Upaya perbaikan defisit transaksi berjalan perlu dibarengi dengan upaya perbaikan pada jangka panjang diantaranya dengan peningkatan daya saing dan produktivitas industri manufaktur untuk menggenjot ekspor barang non-migas karena produksi minyak mentah domestik mengalami kecenderungan penurunan terutama memasuki 2018.
Transaksi ekspor-impor barang di triwulan III-2018 menunjukkan bahwa lonjakan barang impor non-migas terjadi pada impor barang konsumsi. Impor barang konsumsi terutama disebabkan oleh peningkatan impor bahan pangan yaitu beras dan buah-buahan (dalam Laporan Neraca Pembayaran-Bank Indonesia).

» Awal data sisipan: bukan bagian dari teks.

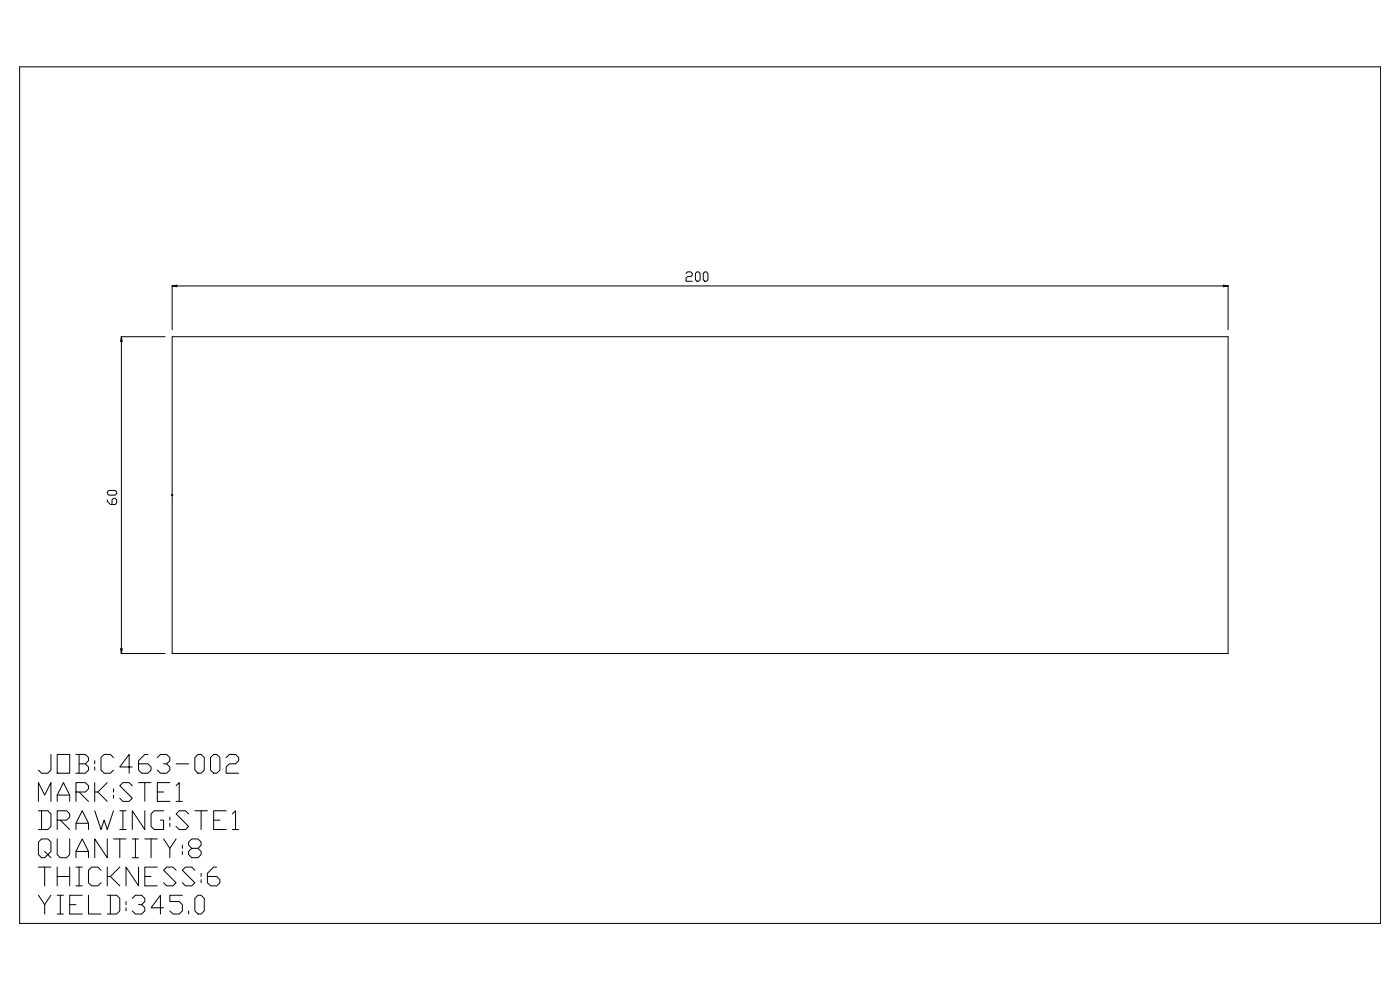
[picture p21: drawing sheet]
<svg xmlns="http://www.w3.org/2000/svg" width="420mm" height="297mm" viewBox="0 0 420 297" stroke-linecap="round" stroke-linejoin="round" font-family="sans-serif">
<!-- layer: 5 -->
<g fill="none" stroke="#000" stroke-width=".3">
<path d="M5.9 20h408.1v256.9h-408.1zM51.5 148.5h.3M51.6 148.4h.1M51.6 148.3v.3M51.7 148.4v.1M51.7 148.5h.1M15.3 226.2v4.7l-1 1h-1.8l-1-1M17.2 226.2h3.7v5.7h-3.7zM17.2 238.4h3.7M22.8 237.5h2.8l.9-1v-.9l-.9-.9h-2.8v5.6M22.8 226.2h2.8l.9 1v.9l-.9 .9M23.7 229h1.9l.9 1v.9l-.9 1h-2.8"/>
<path d="M23.7 226.2v5.7M23.7 237.5l2.8 2.8M28.4 228.1v.9M28.4 230v.9M28.4 234.7v5.6M29.3 237.5l2.9 2.8M32.2 234.7l-2.9 2.8h-.9M34 227.2l-.9-1h-1.9l-.9 1v3.7l.9 1h1.9l.9-1M34 236.5v1M34 238.4v1M39.7 235.6l-1-.9h-1.8l-1 .9 3.8 3.8-1 .9h-1.8l-1-.9M39.7 230h-3.8l2.8-3.8v5.7"/>
<path d="M41.5 234.7h3.8M43.4 234.7v5.6M44.4 226.2h-1l-1.9 1.9v2.8l1 1h1.9l.9-1v-.9l-.9-1h-2.9M47.2 227.2l.9-1h1.9l.9 1v.9l-.9 .9h-.9M47.2 237.5h1.9M50 229l.9 1v.9l-.9 1h-1.9l-.9-1M50.9 234.7h-3.7v5.6h3.7M52.8 235.6l.9-.9v5.6M52.8 229h3.8M58.4 227.2l1-1h.9l1 1v3.7l-1 1h-.9l-1-1zM63.1 227.2l1-1h.9l.9 1v3.7l-.9 1h-.9l-1-1zM67.8 227.2l1-1h1.8l1 1v.9l-1 .9h-1.8l-1 1v1.9h3.8"/>
<path d="M11.5 243.1h2.8l1 1v3.7l-1 .9h-2.8M11.5 240.3v-5.6l1.9 3.7 1.9-3.7v5.6M12.5 243.1v5.6M13.4 255.3l.9 1-.9 .9h-.9l-1-.9v-3.8l1-.9h1.8l1 .9v2.8l-1 1 1 .9M17.2 251.6v4.7l.9 .9h1.9l.9-.9v-4.7M17.2 245.9h2.8l.9-.9v-.9l-.9-1h-2.8v5.6M17.2 240.3v-1.9l1.8-3.7 1.9 3.7v1.9M18.1 245.9l2.8 2.8M22.8 257.2v-1.9l1.9-3.7 1.8 3.7v1.9M22.8 248.7v-1.8l1.9-3.8 1.8 3.8v1.8M22.8 255.3h3.7M22.8 246.9h3.7"/>
<path d="M28.4 243.1l1.9 5.6 .9-2.8 1 2.8 1.8-5.6M32.2 251.6v5.6l-3.8-5.6v5.6M34 251.6h3.8M35.9 251.6v5.6M35.9 243.1h1.9M35.9 248.7h1.9M36.9 243.1v5.6M39.7 251.6h1.8M39.7 257.2h1.8M40.6 251.6v5.6M43.4 243.1v5.6l-3.7-5.6v5.6M43.4 251.6h3.8"/>
<path d="M45.3 251.6v5.6M49.1 251.6l1.8 2.8v2.8M49.1 243.1h-2.9l-.9 1v3.7l.9 .9h2.9v-2.8h-1M50.9 245v.9M50.9 246.9v.9M52.8 251.6l-1.9 2.8M52.8 240.3h1.9M54.7 253.4v1M54.7 255.3v1M56.6 244.1l-1-1h-1.9l-.9 1 3.8 3.7-1 .9h-1.9l-.9-.9M57.5 254.4l-.9-1v-.9l.9-.9h1.9l.9 .9v.9l-.9 1h-1.9l-.9 .9v1l.9 .9h1.9l.9-.9v-1l-.9-.9M58.4 243.1h3.8"/>
<path d="M60.3 243.1v5.6M64.1 245.9h1.8M67.8 243.1h-3.7v5.6h3.7M69.7 244.1l.9-1v5.6M69.7 248.7h1.9M11.5 268.4l1.9 2.9v2.8M11.5 260h3.8M13.4 260v5.6M15.3 268.4l-1.9 2.9M17.2 268.4h1.8M17.2 274.1h1.8M17.2 260v5.6"/>
<path d="M17.2 262.8h3.7M18.1 268.4v5.7M20.9 271.3h1.9M20.9 260v5.6M22.8 260h1.9M22.8 265.6h1.9M23.7 260v5.6M24.7 268.4h-3.8v5.7h3.8M26.5 268.4v5.7h3.8M30.3 260.9l-1-.9h-1.8l-1 .9v3.8l1 .9h1.8l1-.9M32.2 268.4h2.8l.9 1v3.7l-.9 1h-2.8M32.2 260v5.6"/>
<path d="M33.1 268.4v5.7M33.1 262.8l2.8 2.8M35.9 260l-2.8 2.8h-.9M37.8 270.3v1M37.8 272.2v.9M39.7 269.4l.9-1h1.9l.9 1v.9l-.9 1h-1M41.5 260v5.6l-3.7-5.6v5.6M42.5 271.3l.9 .9v.9l-.9 1h-1.9l-.9-1M43.4 262.8h1.9M47.2 260h-3.8v5.6h3.8M49.1 272.2h-3.8l2.8-3.8v5.7M52.8 260.9l-.9-.9h-1.9l-.9 .9 3.7 3.8-.9 .9h-1.9l-.9-.9"/>
<path d="M54.7 268.4h-3.8v1.9h2.8l1 1v1.8l-1 1h-1.8l-1-1M56.6 273.1v1M58.4 269.4l1-1h.9l1 1v3.7l-1 1h-.9l-1-1zM58.4 260.9l-.9-.9h-1.9l-.9 .9 3.7 3.8-.9 .9h-1.9l-.9-.9M60.3 261.9v.9M60.3 263.8v.9M65 260h-.9l-1.9 1.9v2.8l.9 .9h1.9l.9-.9v-.9l-.9-1h-2.8"/>
<circle cx="51.6" cy="148.5" r=".16"/>
</g>
<!-- layer: 3 -->
<path d="M51.6 101h316.7v95h-316.7z" fill="none" stroke="#000" stroke-width=".3"/>
<!-- layer: 6 -->
<path d="M51.6 85.7v13.2M51.6 85.7h316.7M205.7 82l.5-.5h.9l.5 .5v.5l-.5 .4h-.9l-.5 .5v.9h1.9M209 81.5h.5l.5 .5v1.9l-.5 .4h-.5l-.4-.4v-1.9zM210.9 82l.5-.5h.4l.5 .5v1.9l-.5 .4h-.4l-.5-.4zM368.3 85.7v13.2M36.3 101h13.2M36.4 101v95M32.2 149.9v.4l.9 1h1.4l.5-.5v-.9l-.5-.5h-.4l-.5 .5v1.4M32.2 147.5l.5-.4h1.8l.5 .4v.5l-.5 .5h-1.8l-.5-.5zM36.3 196h13.2" fill="none" stroke="#000" stroke-width=".3"/>
<!-- layer: 2 -->
<path d="M51.6 85.7l1.4-.2v.5zM366.9 85.5l1.4 .2-1.4 .3zM36.4 101l.2 1.4h-.4zM36.2 194.6h.4l-.2 1.4z" fill="none" stroke="#000" stroke-width=".3"/>
</svg>

Hal ini perlu menjadi perhatian ke depannya oleh Pemerintah, kita juga perlu meningkatkan produksi bahan pangan domestik yang tingkat impornya masih tinggi untuk mengurangi ketergantungan impor. Ketidakakuratan data beras menjadi salah satu penyebab tingginya impor beras. Namun perhitungan data yang lebih akurat telah dilakukan oleh BPS beberapa waktu lalu sehingga hal ini dapat menjadi acuan Pemerintah untuk melakukan perencanaan yang lebih matang dalam produksi beras dan manajemen stok beras sehingga impor beras dapat dibatasi dan dapat menekan impor barang konsumsi.